Authors: Yoshino, Takuya  KAKEN_id
Nakase, Hiroshi  KAKEN_id
Matsuura, Minoru  KAKEN_id
Matsumura, Kayoko
Honzawa, Yusuke  KAKEN_id
Fukuchi, Takumi
Watanabe, Kenji
Murano, Mitsuyuki
Tsujikawa, Tomoyuki
Fukunaga, Ken
Matsumoto, Takayuki
Chiba, Tsutomu  KAKEN_id
Author's alias: 吉野, 琢哉
Keywords: Ulcerative colitis
Granulocyte-monocyte adsorption apheresis
Issue Date: Jul-2011
Publisher: Karger
Journal title: Digestion
Volume: 84
Issue: 1
Start page: 3
End page: 9
Abstract: Background: Cytomegalovirus (CMV) infection exacerbates ulcerative colitis (UC) refractory to immunosuppressive therapies (IMT). However, the underlying UC remained active in some UC patients, despite the fact that CMV-DNA in colonic mucosa became negative after antiviral therapy. Therefore, new therapeutic strategies for UC patients concomitant with CMV infection in mucosa are required. Aims: The aim of this study was to evaluate the effect and safety of granulocyte-monocyte adsorption apheresis (GMA) in UC patients positive for CMV infection after antiviral therapy. Methods: From October 2003 to December 2008, 64 patients with UC refractory to IMT, including steroids and immunomodulators, were enrolled in this retrospective, observational, multicenter study, which was reviewed and approved by the Institutional Review Board of Kyoto University. CMV infection was investigated by 3 methods (histologic examination, CMV antigenemia, and polymerase chain reaction). We investigated the clinical outcomes of GMA and IMT after 2 weeks of treatment with ganciclovir. Results: Thirty-one (48.4%) of 64 patients with UC refractory to IMT were positive for CMV. Of the 31 patients, 4 (12.9%) underwent colectomy. Twenty-seven patients (87.1%) underwent antiviral therapy. Of those 27 patients, 7 achieved remission following antiviral therapy alone. Of the remaining 20 patients who did not achieve remission despite the disappearance of CMV-DNA, 11 and 9 patients were treated with additional GMA (GMA group) and IMT (IMT group), respectively. Of 11 patients (GMA group), 9 achieved remission and 2 underwent colectomy. Out of the remaining 9 patients (IMT group), 4 achieved remission and 5 underwent colectomy. CMV-DNA was not detected in 11 patients after GMA, but it was detected again in all 5 patients of the IMT group who underwent colectomy.
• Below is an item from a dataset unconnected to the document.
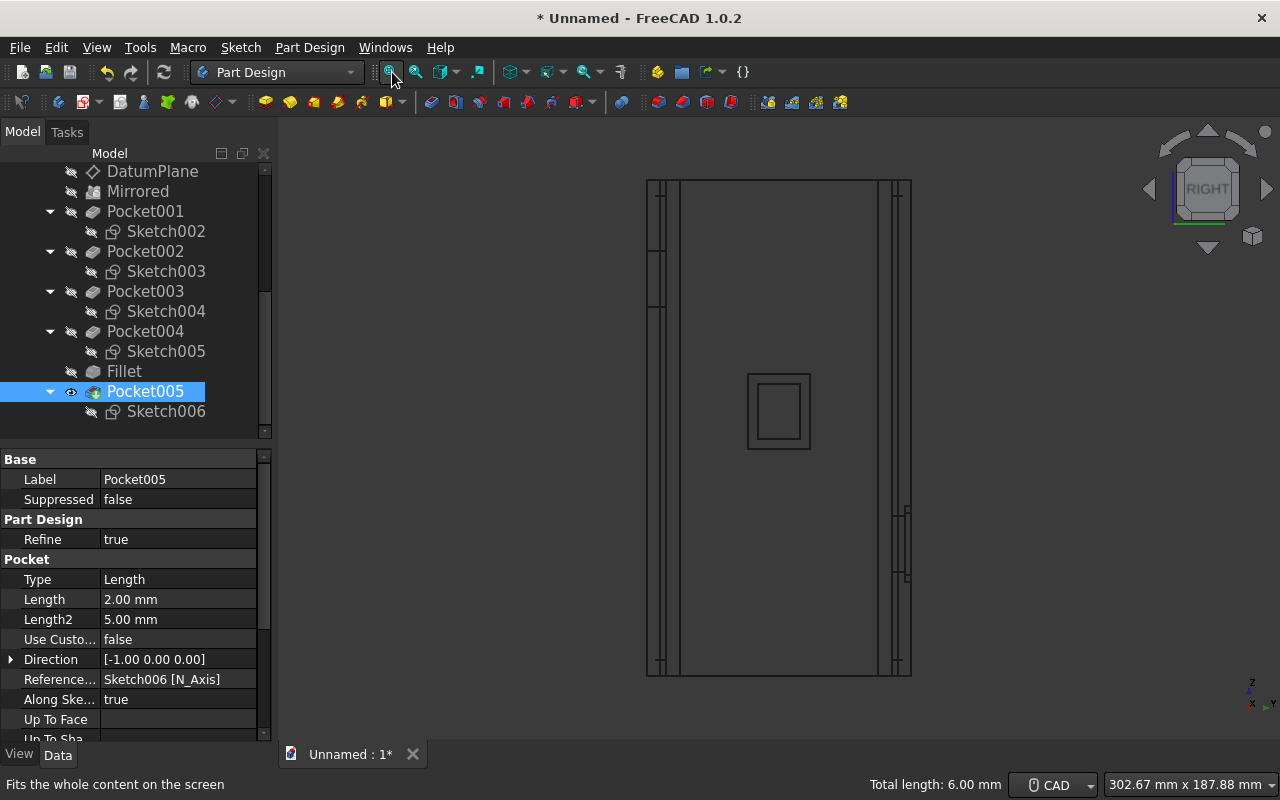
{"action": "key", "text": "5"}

The total colectomy rate in UC patients positive for CMV was 35.5% (11/31). In addition, colectomy-free survival in the CMV relapse (+) group was estimated to be 12.9% at 65 months, while that in the CMV relapse (–) group was estimated to be 100% at 60 months. Conclusion: The colectomy ratio tends to be high in refractory UC patients with recurrent CMV reactivation or infection. Therefore, GMA might be a safe and effective treatment for UC patients positive for CMV because it does not induce CMV reactivation.
Rights: © 2011 S. Karger AG, Basel
This is not the published version. Please cite only the published version.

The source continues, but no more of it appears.